Cannot apply parallel primitive in HeteroCL module
Opened this issue · 5 comments
The issue occurs in the digit recognition example with the .parallel()
primitive. I was trying to use a kernel function to update the knn_mat
instead of calling hcl.compute
, and perform scheduling on the itervars
inside the kernel function (i.e. hcl module).

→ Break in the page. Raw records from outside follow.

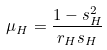<formula> <loc_0><loc_0><loc_500><loc_500>\mu _ { H } = \frac { 1 - s _ { H } ^ { 2 } } { r _ { H } s _ { H } }</formula> 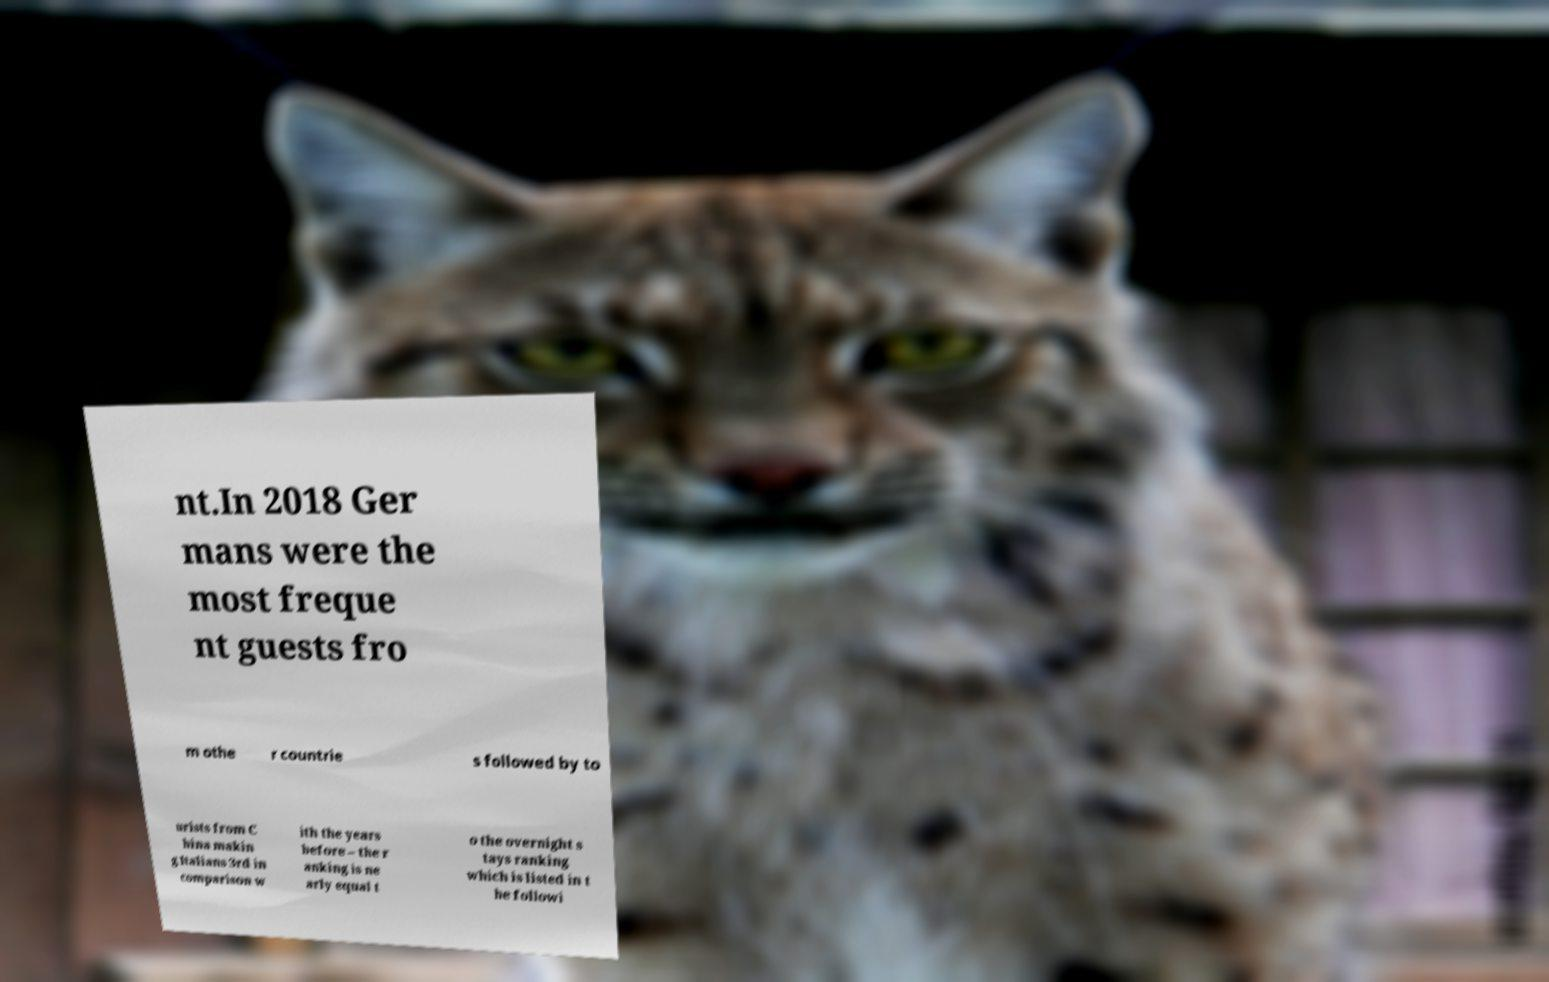For documentation purposes, I need the text within this image transcribed. Could you provide that? nt.In 2018 Ger mans were the most freque nt guests fro m othe r countrie s followed by to urists from C hina makin g Italians 3rd in comparison w ith the years before – the r anking is ne arly equal t o the overnight s tays ranking which is listed in t he followi 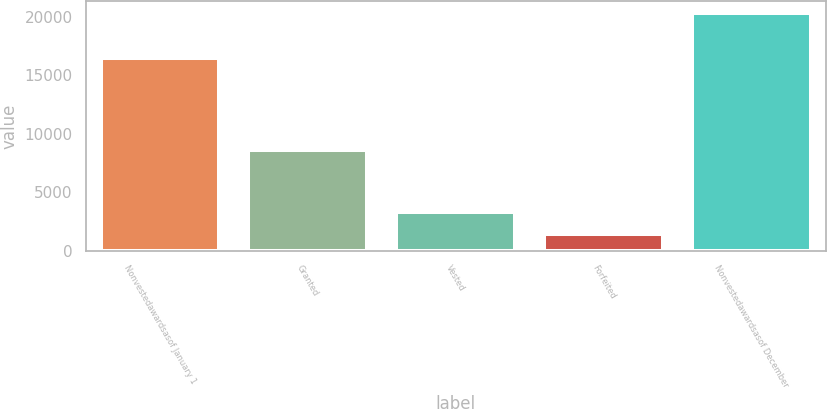Convert chart to OTSL. <chart><loc_0><loc_0><loc_500><loc_500><bar_chart><fcel>Nonvestedawardsasof January 1<fcel>Granted<fcel>Vested<fcel>Forfeited<fcel>Nonvestedawardsasof December<nl><fcel>16456<fcel>8652<fcel>3342<fcel>1430<fcel>20336<nl></chart>

The program after modification looks like:
def knn(*placeholders):
@hcl.def_([(10,1800), (10,3)])
def update_knn(dist, knn_mat):
with hcl.for_(0,10, name="i") as i:
with hcl.for_(0,1800, name="j") as j:
max_id = hcl.scalar(0, "max_id")
with hcl.for_(0, 3, name="k") as k:
with hcl.if_(knn_mat[i][k] > knn_mat[i][max_id.v]):
max_id.v = k
with hcl.if_(dist[i][j] < knn_mat[i][max_id.v]):
knn_mat[i][max_id.v] = dist[i][j]
update_knn(dist, knn_mat)
And the scheduling is performed as the following snippet:
knn_update = knn.update_knn
s[knn_update].reorder(knn_update.axis[0], knn_update.axis[1])

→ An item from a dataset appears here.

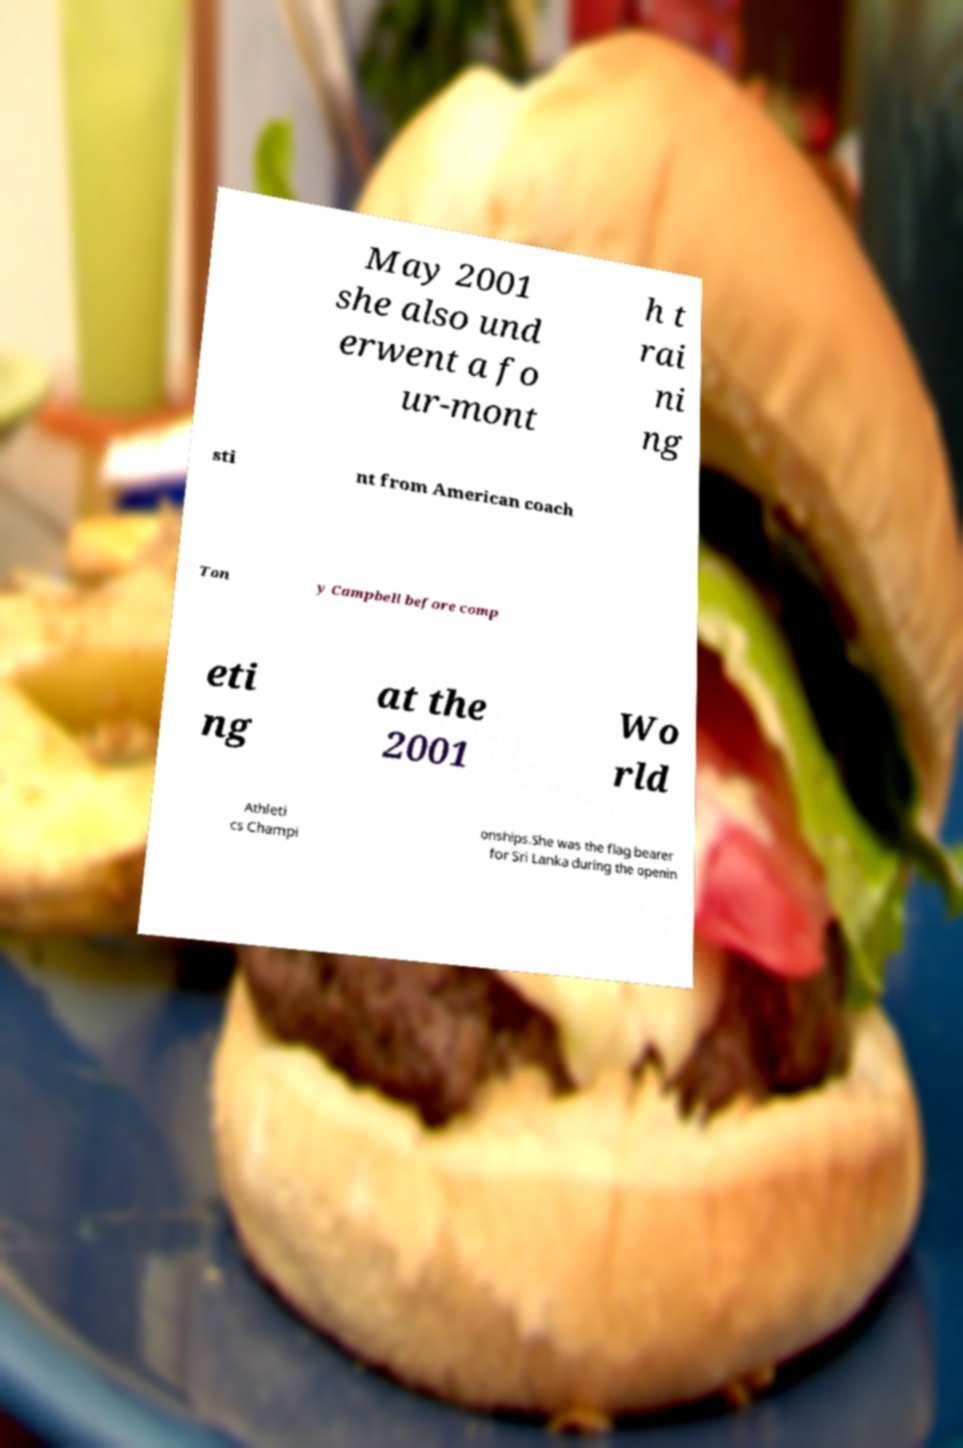Please identify and transcribe the text found in this image. May 2001 she also und erwent a fo ur-mont h t rai ni ng sti nt from American coach Ton y Campbell before comp eti ng at the 2001 Wo rld Athleti cs Champi onships.She was the flag bearer for Sri Lanka during the openin

# ISSUE: this primitive will lead to segmentation fault
# s[knn_update].parallel(knn_update.axis[1])
s[knn_update].pipeline(knn_update.axis[0])
All other scheduling primitives work well, but when I call the .parallel()
. The program will error out with a segmentation fault.
Do we translate the parallel() primitive to a corresponding pragma in HLS?
Currently the parallel
primitive is only for CPU, which triggers multi-threaded execution.
As I mentioned before, we need to support it for hardware synthesis. Shall we open another issue? If not, this will fall through the cracks again.
It's ignored in HLS code generator. I am considering to let the CodeGenC to translate .parallel()
to OpenMP pragmas.
And for HLS codegen, we may use .parallel()
to perform kernel replication to exploit data-lvele parallelism?
@hecmay yes, we can at least use it for the OpenCL flow. I believe the Merlin compiler supports parallel execution as well.